(Problem to work on): Take the entries below and write them out exactly, with each picture removed.

Saved entries
····················

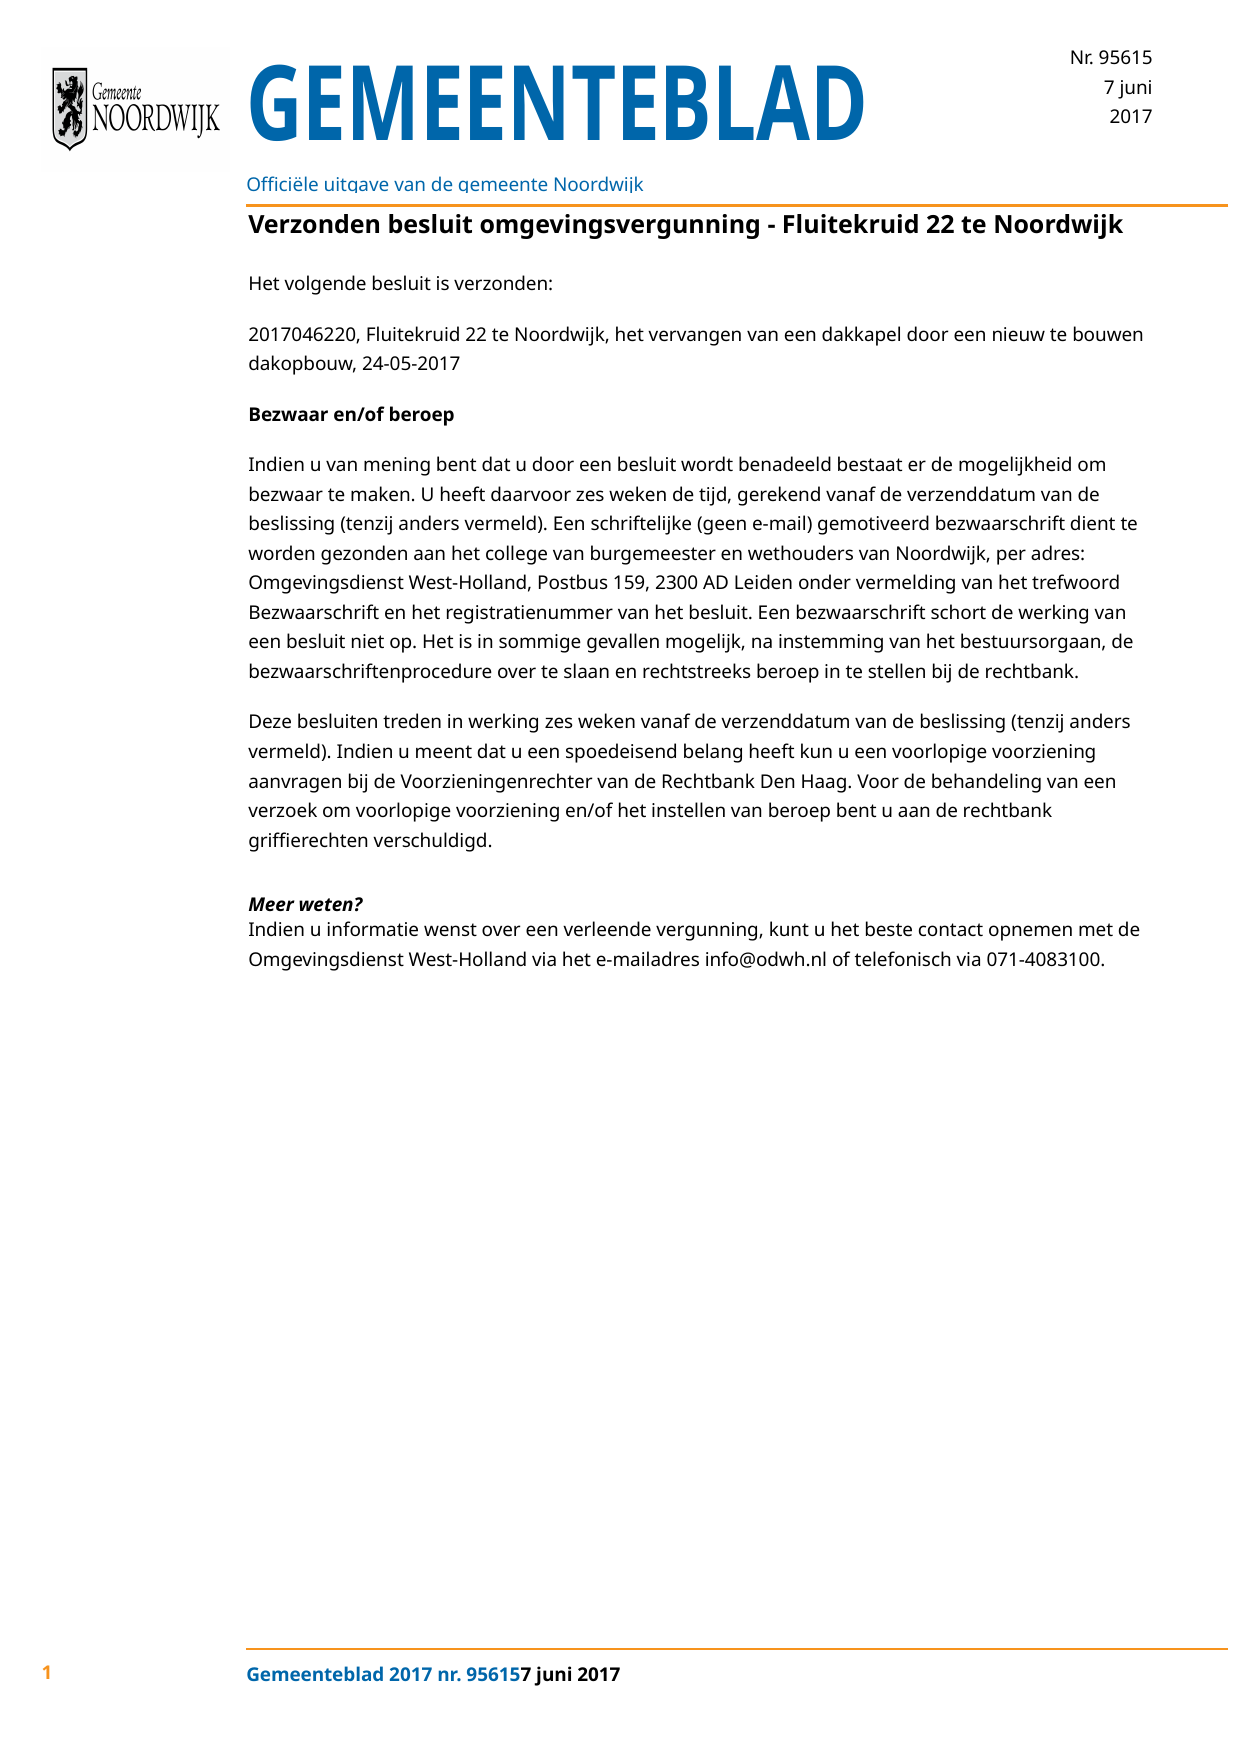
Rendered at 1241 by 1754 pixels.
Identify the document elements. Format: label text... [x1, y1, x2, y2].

picture [41, 47, 231, 172]
text Het volgende besluit is verzonden: [248, 270, 1152, 296]
text Meer weten? [248, 891, 1152, 917]
text Bezwaar en/of beroep [248, 401, 1152, 426]
text Deze besluiten treden in werking zes weken vanaf de verzenddatum van de beslissing (tenzij anders vermeld). Indien u meent dat u een spoedeisend belang heeft kun u een voorlopige voorziening aanvragen bij de Voorzieningenrechter van de Rechtbank Den Haag. Voor de behandeling van een verzoek om voorlopige voorziening en/of het instellen van beroep bent u aan de rechtbank griffierechten verschuldigd. [248, 709, 1152, 853]
text Verzonden besluit omgevingsvergunning - Fluitekruid 22 te Noordwijk [248, 207, 1152, 241]
text Indien u van mening bent dat u door een besluit wordt benadeeld bestaat er de mogelijkheid om bezwaar te maken. U heeft daarvoor zes weken de tijd, gerekend vanaf de verzenddatum van de beslissing (tenzij anders vermeld). Een schriftelijke (geen e-mail) gemotiveerd bezwaarschrift dient te worden gezonden aan het college van burgemeester en wethouders van Noordwijk, per adres: Omgevingsdienst West-Holland, Postbus 159, 2300 AD Leiden onder vermelding van het trefwoord Bezwaarschrift en het registratienummer van het besluit. Een bezwaarschrift schort de werking van een besluit niet op. Het is in sommige gevallen mogelijk, na instemming van het bestuursorgaan, de bezwaarschriftenprocedure over te slaan en rechtstreeks beroep in te stellen bij de rechtbank. [248, 451, 1152, 684]
text Indien u informatie wenst over een verleende vergunning, kunt u het beste contact opnemen met de Omgevingsdienst West-Holland via het e-mailadres info@odwh.nl of telefonisch via 071-4083100. [248, 917, 1152, 972]
text 2017046220, Fluitekruid 22 te Noordwijk, het vervangen van een dakkapel door een nieuw te bouwen dakopbouw, 24-05-2017 [248, 321, 1152, 376]
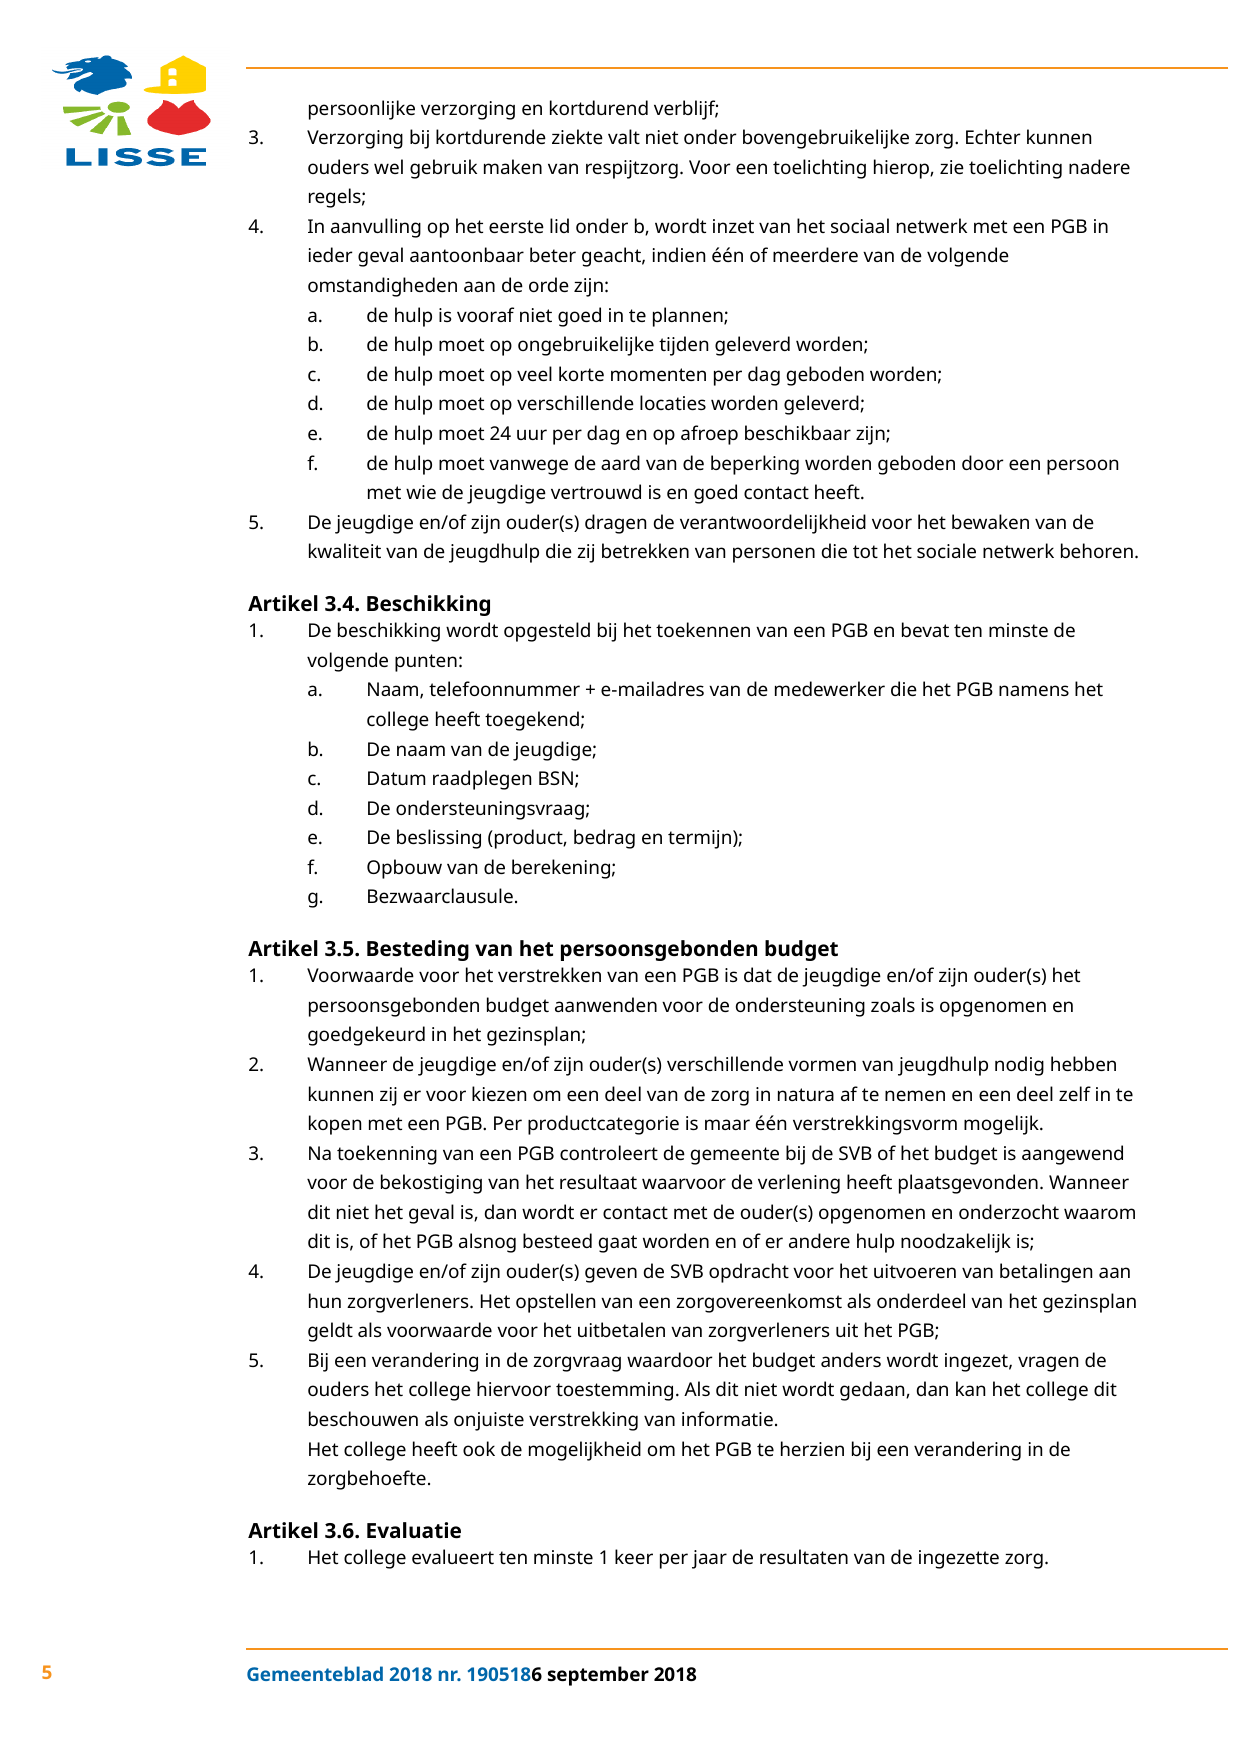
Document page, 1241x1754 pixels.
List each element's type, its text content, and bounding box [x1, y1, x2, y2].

list Na toekenning van een PGB controleert de gemeente bij de SVB of het budget is aangewend voor de bekostiging van het resultaat waarvoor de verlening heeft plaatsgevonden. Wanneer dit niet het geval is, dan wordt er contact met de ouder(s) opgenomen en onderzocht waarom dit is, of het PGB alsnog besteed gaat worden en of er andere hulp noodzakelijk is; [248, 1140, 1152, 1254]
list Bezwaarclausule. [307, 884, 1152, 909]
list de hulp moet vanwege de aard van de beperking worden geboden door een persoon met wie de jeugdige vertrouwd is en goed contact heeft. [307, 450, 1152, 505]
list Het college evalueert ten minste 1 keer per jaar de resultaten van de ingezette zorg. [248, 1544, 1152, 1570]
text Artikel 3.4. Beschikking [248, 589, 1152, 617]
list de hulp moet op verschillende locaties worden geleverd; [307, 391, 1152, 416]
list De jeugdige en/of zijn ouder(s) dragen de verantwoordelijkheid voor het bewaken van de kwaliteit van de jeugdhulp die zij betrekken van personen die tot het sociale netwerk behoren. [248, 509, 1152, 564]
list Het college heeft ook de mogelijkheid om het PGB te herzien bij een verandering in de zorgbehoefte. [248, 1436, 1152, 1491]
list Verzorging bij kortdurende ziekte valt niet onder bovengebruikelijke zorg. Echter kunnen ouders wel gebruik maken van respijtzorg. Voor een toelichting hierop, zie toelichting nadere regels; [248, 124, 1152, 209]
list De naam van de jeugdige; [307, 736, 1152, 761]
list In aanvulling op het eerste lid onder b, wordt inzet van het sociaal netwerk met een PGB in ieder geval aantoonbaar beter geacht, indien één of meerdere van de volgende omstandigheden aan de orde zijn: [248, 213, 1152, 298]
list De ondersteuningsvraag; [307, 795, 1152, 821]
picture [41, 47, 231, 172]
list De beslissing (product, bedrag en termijn); [307, 824, 1152, 850]
list Opbouw van de berekening; [307, 854, 1152, 880]
list de hulp moet 24 uur per dag en op afroep beschikbaar zijn; [307, 420, 1152, 446]
list De beschikking wordt opgesteld bij het toekennen van een PGB en bevat ten minste de volgende punten: [248, 617, 1152, 673]
list De jeugdige en/of zijn ouder(s) geven de SVB opdracht voor het uitvoeren van betalingen aan hun zorgverleners. Het opstellen van een zorgovereenkomst als onderdeel van het gezinsplan geldt als voorwaarde voor het uitbetalen van zorgverleners uit het PGB; [248, 1258, 1152, 1343]
text Artikel 3.6. Evaluatie [248, 1516, 1152, 1544]
list Datum raadplegen BSN; [307, 765, 1152, 791]
list Wanneer de jeugdige en/of zijn ouder(s) verschillende vormen van jeugdhulp nodig hebben kunnen zij er voor kiezen om een deel van de zorg in natura af te nemen en een deel zelf in te kopen met een PGB. Per productcategorie is maar één verstrekkingsvorm mogelijk. [248, 1051, 1152, 1136]
list de hulp is vooraf niet goed in te plannen; [307, 302, 1152, 328]
list de hulp moet op ongebruikelijke tijden geleverd worden; [307, 331, 1152, 357]
list Naam, telefoonnummer + e-mailadres van de medewerker die het PGB namens het college heeft toegekend; [307, 677, 1152, 732]
list Bij een verandering in de zorgvraag waardoor het budget anders wordt ingezet, vragen de ouders het college hiervoor toestemming. Als dit niet wordt gedaan, dan kan het college dit beschouwen als onjuiste verstrekking van informatie. [248, 1347, 1152, 1432]
list persoonlijke verzorging en kortdurend verblijf; [248, 95, 1152, 121]
list de hulp moet op veel korte momenten per dag geboden worden; [307, 361, 1152, 387]
text Artikel 3.5. Besteding van het persoonsgebonden budget [248, 934, 1152, 962]
list Voorwaarde voor het verstrekken van een PGB is dat de jeugdige en/of zijn ouder(s) het persoonsgebonden budget aanwenden voor de ondersteuning zoals is opgenomen en goedgekeurd in het gezinsplan; [248, 962, 1152, 1047]

····················

(Reply):
Rendered at 1241 by 1754 pixels.
Identify the document elements. Format: label text... [x1, y1, x2, y2].

picture [41, 47, 231, 172]
text Het volgende besluit is verzonden: [248, 270, 1152, 296]
text Meer weten? [248, 891, 1152, 917]
text Bezwaar en/of beroep [248, 401, 1152, 426]
text Deze besluiten treden in werking zes weken vanaf de verzenddatum van de beslissing (tenzij anders vermeld). Indien u meent dat u een spoedeisend belang heeft kun u een voorlopige voorziening aanvragen bij de Voorzieningenrechter van de Rechtbank Den Haag. Voor de behandeling van een verzoek om voorlopige voorziening en/of het instellen van beroep bent u aan de rechtbank griffierechten verschuldigd. [248, 709, 1152, 853]
text Verzonden besluit omgevingsvergunning - Fluitekruid 22 te Noordwijk [248, 207, 1152, 241]
text Indien u van mening bent dat u door een besluit wordt benadeeld bestaat er de mogelijkheid om bezwaar te maken. U heeft daarvoor zes weken de tijd, gerekend vanaf de verzenddatum van de beslissing (tenzij anders vermeld). Een schriftelijke (geen e-mail) gemotiveerd bezwaarschrift dient te worden gezonden aan het college van burgemeester en wethouders van Noordwijk, per adres: Omgevingsdienst West-Holland, Postbus 159, 2300 AD Leiden onder vermelding van het trefwoord Bezwaarschrift en het registratienummer van het besluit. Een bezwaarschrift schort de werking van een besluit niet op. Het is in sommige gevallen mogelijk, na instemming van het bestuursorgaan, de bezwaarschriftenprocedure over te slaan en rechtstreeks beroep in te stellen bij de rechtbank. [248, 451, 1152, 684]
text Indien u informatie wenst over een verleende vergunning, kunt u het beste contact opnemen met de Omgevingsdienst West-Holland via het e-mailadres info@odwh.nl of telefonisch via 071-4083100. [248, 917, 1152, 972]
text 2017046220, Fluitekruid 22 te Noordwijk, het vervangen van een dakkapel door een nieuw te bouwen dakopbouw, 24-05-2017 [248, 321, 1152, 376]
Document page, 1241x1754 pixels.
List each element's type, its text content, and bounding box [x1, y1, x2, y2].

list Na toekenning van een PGB controleert de gemeente bij de SVB of het budget is aangewend voor de bekostiging van het resultaat waarvoor de verlening heeft plaatsgevonden. Wanneer dit niet het geval is, dan wordt er contact met de ouder(s) opgenomen en onderzocht waarom dit is, of het PGB alsnog besteed gaat worden en of er andere hulp noodzakelijk is; [248, 1140, 1152, 1254]
list Bezwaarclausule. [307, 884, 1152, 909]
list de hulp moet vanwege de aard van de beperking worden geboden door een persoon met wie de jeugdige vertrouwd is en goed contact heeft. [307, 450, 1152, 505]
list Het college evalueert ten minste 1 keer per jaar de resultaten van de ingezette zorg. [248, 1544, 1152, 1570]
text Artikel 3.4. Beschikking [248, 589, 1152, 617]
list de hulp moet op verschillende locaties worden geleverd; [307, 391, 1152, 416]
list De jeugdige en/of zijn ouder(s) dragen de verantwoordelijkheid voor het bewaken van de kwaliteit van de jeugdhulp die zij betrekken van personen die tot het sociale netwerk behoren. [248, 509, 1152, 564]
list Het college heeft ook de mogelijkheid om het PGB te herzien bij een verandering in de zorgbehoefte. [248, 1436, 1152, 1491]
list Verzorging bij kortdurende ziekte valt niet onder bovengebruikelijke zorg. Echter kunnen ouders wel gebruik maken van respijtzorg. Voor een toelichting hierop, zie toelichting nadere regels; [248, 124, 1152, 209]
list De naam van de jeugdige; [307, 736, 1152, 761]
list In aanvulling op het eerste lid onder b, wordt inzet van het sociaal netwerk met een PGB in ieder geval aantoonbaar beter geacht, indien één of meerdere van de volgende omstandigheden aan de orde zijn: [248, 213, 1152, 298]
list De ondersteuningsvraag; [307, 795, 1152, 821]
picture [41, 47, 231, 172]
list De beslissing (product, bedrag en termijn); [307, 824, 1152, 850]
list Opbouw van de berekening; [307, 854, 1152, 880]
list de hulp moet 24 uur per dag en op afroep beschikbaar zijn; [307, 420, 1152, 446]
list De beschikking wordt opgesteld bij het toekennen van een PGB en bevat ten minste de volgende punten: [248, 617, 1152, 673]
list De jeugdige en/of zijn ouder(s) geven de SVB opdracht voor het uitvoeren van betalingen aan hun zorgverleners. Het opstellen van een zorgovereenkomst als onderdeel van het gezinsplan geldt als voorwaarde voor het uitbetalen van zorgverleners uit het PGB; [248, 1258, 1152, 1343]
text Artikel 3.6. Evaluatie [248, 1516, 1152, 1544]
list Datum raadplegen BSN; [307, 765, 1152, 791]
list Wanneer de jeugdige en/of zijn ouder(s) verschillende vormen van jeugdhulp nodig hebben kunnen zij er voor kiezen om een deel van de zorg in natura af te nemen en een deel zelf in te kopen met een PGB. Per productcategorie is maar één verstrekkingsvorm mogelijk. [248, 1051, 1152, 1136]
list de hulp is vooraf niet goed in te plannen; [307, 302, 1152, 328]
list de hulp moet op ongebruikelijke tijden geleverd worden; [307, 331, 1152, 357]
list Naam, telefoonnummer + e-mailadres van de medewerker die het PGB namens het college heeft toegekend; [307, 677, 1152, 732]
list Bij een verandering in de zorgvraag waardoor het budget anders wordt ingezet, vragen de ouders het college hiervoor toestemming. Als dit niet wordt gedaan, dan kan het college dit beschouwen als onjuiste verstrekking van informatie. [248, 1347, 1152, 1432]
list persoonlijke verzorging en kortdurend verblijf; [248, 95, 1152, 121]
list de hulp moet op veel korte momenten per dag geboden worden; [307, 361, 1152, 387]
text Artikel 3.5. Besteding van het persoonsgebonden budget [248, 934, 1152, 962]
list Voorwaarde voor het verstrekken van een PGB is dat de jeugdige en/of zijn ouder(s) het persoonsgebonden budget aanwenden voor de ondersteuning zoals is opgenomen en goedgekeurd in het gezinsplan; [248, 962, 1152, 1047]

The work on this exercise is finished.